Thursday, January 5, 2012

Climbing a Mountain

I was surprised to find that blogger and adventurer Drew Jacob had mentioned me in a blog post published yesterday.  I was happily reading the post thinking "Yes, I agree with this!" when I came to this paragraph:


You might not be interested in climbing a mountain. Neither is Laura LaVoie, as far as I know. Her challenge was to build her own tiny house and downsize her life to fit into it. Then she went to Africa to use her house-building skills to help orphaned children.


Wow. He even links to my Tiny House blog and the donation page for the Zulu Orphan Alliance. I was stunned. I was more stunned because this isn't the first time Drew has mentioned me in his blog.

Other people always see you differently than you see yourself. I don't consider myself heroic in any way. In fact, what I do is nothing compared so some of the heroes I've been working with in South Africa. 

But one thing I do agree with is that profoundly changing your life changes everything. If we had never decided to build a tiny house, we would have never had the opportunity to travel to South Africa. Small steps became bigger steps and next thing you know, we were doing this thing. I don't want to live a conventional life. I've done that. I want to live an extraordinary life. And while it is exciting to see people like Drew talking about the things I do, I don't do any of it to be famous. I want to live an extraordinary life for ME.

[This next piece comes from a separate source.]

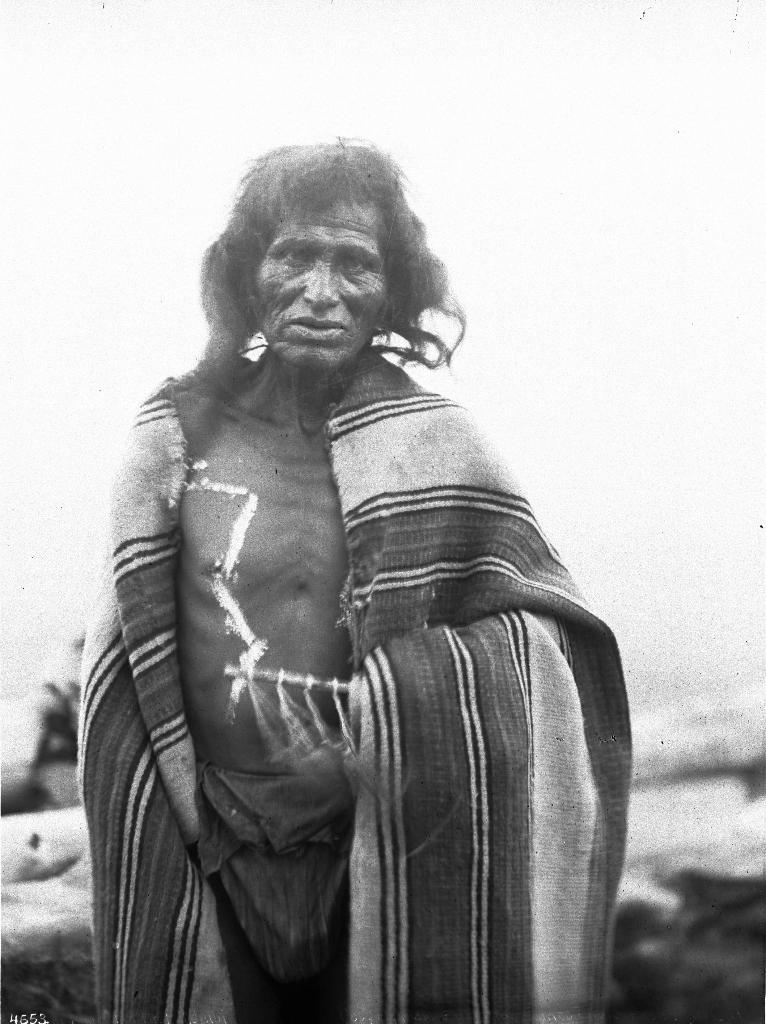What is the color scheme of the image? The image is black and white. Who is the main subject in the image? There is an old man in the image. How is the old man dressed or covered? The old man is covered with a shawl. What is the old man doing in the image? The old man is standing and looking at someone. What type of apparatus is the old man using to communicate with the goldfish in the image? There is no apparatus or goldfish present in the image. 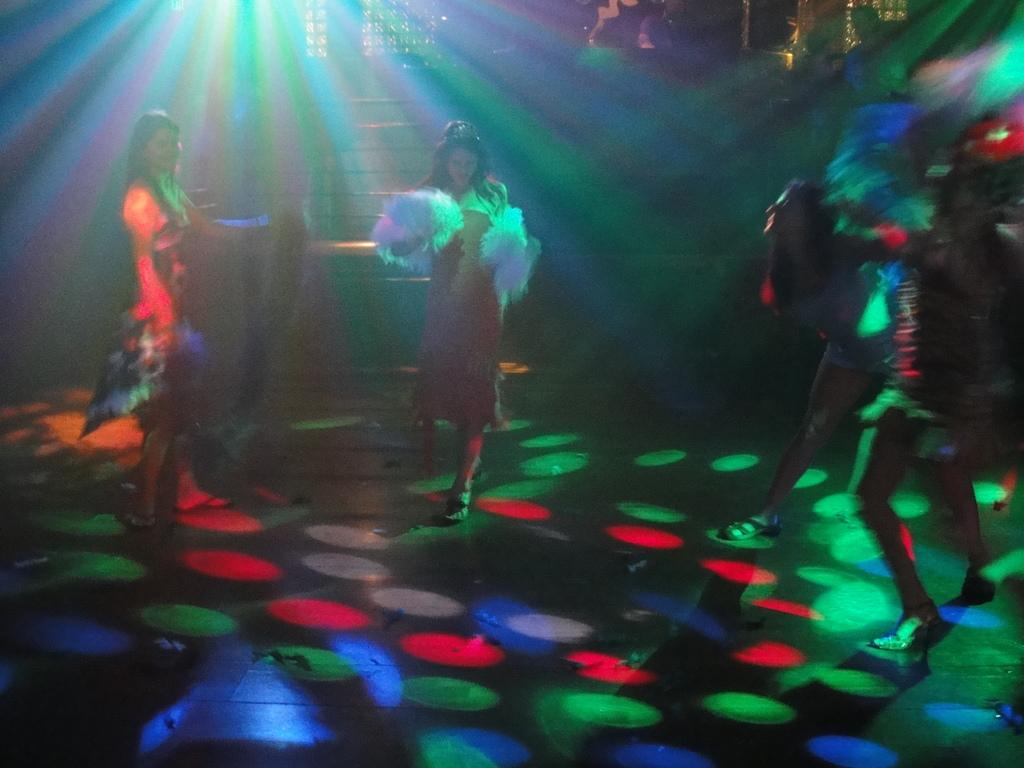What is the woman in the image doing? There is a woman walking on the floor in the image. Is there another woman in the image? Yes, there is a woman standing beside the walking woman. What can be seen in the background of the image? There are stairs visible in the background of the image. What activity is taking place on the right side of the image? There are people dancing on the right side of the image. What type of crack can be seen on the floor in the image? There is no crack visible on the floor in the image. What achievements have the dancing people accomplished in the image? The image does not provide information about the achievements of the dancing people.

One of my primary mottos or mantras is to Just Do It. If there is something you want to see happen, I promise you it won't just happen. You have to make the change you want to see in your life. I have done this. I am doing this. I have failed just as much as I have won.  Sometimes that happens, and it has to be okay.  But if you put forth the effort to make positive change in your life, positive change will happen. Maybe not in the way you expected, but it will.  In order for anything to happen, though, you have to actually do it.

I had to laugh, though, when Drew suggested that I didn't want to climb a mountain. He's right. It just isn't my thing. But interestingly enough, climbing a mountain was one of the things that gave me the strength to do what I am doing now.  You can read about it in the Winter 2007 issue of Neokori's newsletter, He Epistole.  (Go here and click on Issue #15).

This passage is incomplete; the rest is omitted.